What to do → Restate word for word the lines beginning with the one that contains "Answer: All equal" and ending at the bottom of the records below, both included.

Available data →
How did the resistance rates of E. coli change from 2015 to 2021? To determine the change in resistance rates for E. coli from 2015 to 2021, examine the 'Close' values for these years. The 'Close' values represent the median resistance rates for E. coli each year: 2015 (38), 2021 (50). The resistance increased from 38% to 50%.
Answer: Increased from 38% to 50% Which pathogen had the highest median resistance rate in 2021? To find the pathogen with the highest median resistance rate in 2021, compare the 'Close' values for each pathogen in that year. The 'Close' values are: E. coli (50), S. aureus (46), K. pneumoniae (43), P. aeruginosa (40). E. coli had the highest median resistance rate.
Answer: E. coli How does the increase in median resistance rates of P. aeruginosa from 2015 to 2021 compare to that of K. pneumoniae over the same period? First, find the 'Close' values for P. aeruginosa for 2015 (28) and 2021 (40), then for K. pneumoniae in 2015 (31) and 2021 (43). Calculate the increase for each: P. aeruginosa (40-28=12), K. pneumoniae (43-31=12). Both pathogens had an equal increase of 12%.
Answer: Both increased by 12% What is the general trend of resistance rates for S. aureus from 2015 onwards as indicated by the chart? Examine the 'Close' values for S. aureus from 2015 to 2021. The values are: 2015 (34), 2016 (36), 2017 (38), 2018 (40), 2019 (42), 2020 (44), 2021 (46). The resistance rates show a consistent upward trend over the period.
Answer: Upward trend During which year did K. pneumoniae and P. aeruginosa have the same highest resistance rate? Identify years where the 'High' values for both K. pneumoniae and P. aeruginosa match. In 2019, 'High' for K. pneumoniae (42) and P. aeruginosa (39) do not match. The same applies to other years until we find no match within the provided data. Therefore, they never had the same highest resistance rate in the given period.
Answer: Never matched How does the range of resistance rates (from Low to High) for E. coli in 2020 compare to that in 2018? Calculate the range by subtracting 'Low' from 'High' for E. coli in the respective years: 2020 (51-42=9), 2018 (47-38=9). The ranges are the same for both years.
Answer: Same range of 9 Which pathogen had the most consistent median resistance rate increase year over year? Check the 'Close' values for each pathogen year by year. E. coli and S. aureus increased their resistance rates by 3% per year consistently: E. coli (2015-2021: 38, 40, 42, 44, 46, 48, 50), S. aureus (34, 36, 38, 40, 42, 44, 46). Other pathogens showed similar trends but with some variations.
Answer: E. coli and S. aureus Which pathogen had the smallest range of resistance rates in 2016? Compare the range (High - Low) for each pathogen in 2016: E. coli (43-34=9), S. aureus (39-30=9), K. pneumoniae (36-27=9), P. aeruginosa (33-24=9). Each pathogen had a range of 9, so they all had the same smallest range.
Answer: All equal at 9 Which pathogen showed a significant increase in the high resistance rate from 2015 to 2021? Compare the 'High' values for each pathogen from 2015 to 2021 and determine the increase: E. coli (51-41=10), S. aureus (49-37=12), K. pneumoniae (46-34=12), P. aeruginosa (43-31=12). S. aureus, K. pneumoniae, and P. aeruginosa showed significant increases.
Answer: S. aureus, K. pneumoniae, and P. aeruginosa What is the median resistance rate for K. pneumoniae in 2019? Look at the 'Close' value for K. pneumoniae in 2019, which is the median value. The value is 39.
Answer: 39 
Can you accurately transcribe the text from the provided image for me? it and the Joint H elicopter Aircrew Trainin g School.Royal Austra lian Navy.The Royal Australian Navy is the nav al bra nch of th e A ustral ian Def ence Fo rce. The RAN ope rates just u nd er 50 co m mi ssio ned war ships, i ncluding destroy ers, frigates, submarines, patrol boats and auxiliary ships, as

Response for this exercise →
Answer: All equal at 9 Which pathogen showed a significant increase in the high resistance rate from 2015 to 2021? Compare the 'High' values for each pathogen from 2015 to 2021 and determine the increase: E. coli (51-41=10), S. aureus (49-37=12), K. pneumoniae (46-34=12), P. aeruginosa (43-31=12). S. aureus, K. pneumoniae, and P. aeruginosa showed significant increases.
Answer: S. aureus, K. pneumoniae, and P. aeruginosa What is the median resistance rate for K. pneumoniae in 2019? Look at the 'Close' value for K. pneumoniae in 2019, which is the median value. The value is 39.
Answer: 39 
Can you accurately transcribe the text from the provided image for me? it and the Joint H elicopter Aircrew Trainin g School.Royal Austra lian Navy.The Royal Australian Navy is the nav al bra nch of th e A ustral ian Def ence Fo rce. The RAN ope rates just u nd er 50 co m mi ssio ned war ships, i ncluding destroy ers, frigates, submarines, patrol boats and auxiliary ships, as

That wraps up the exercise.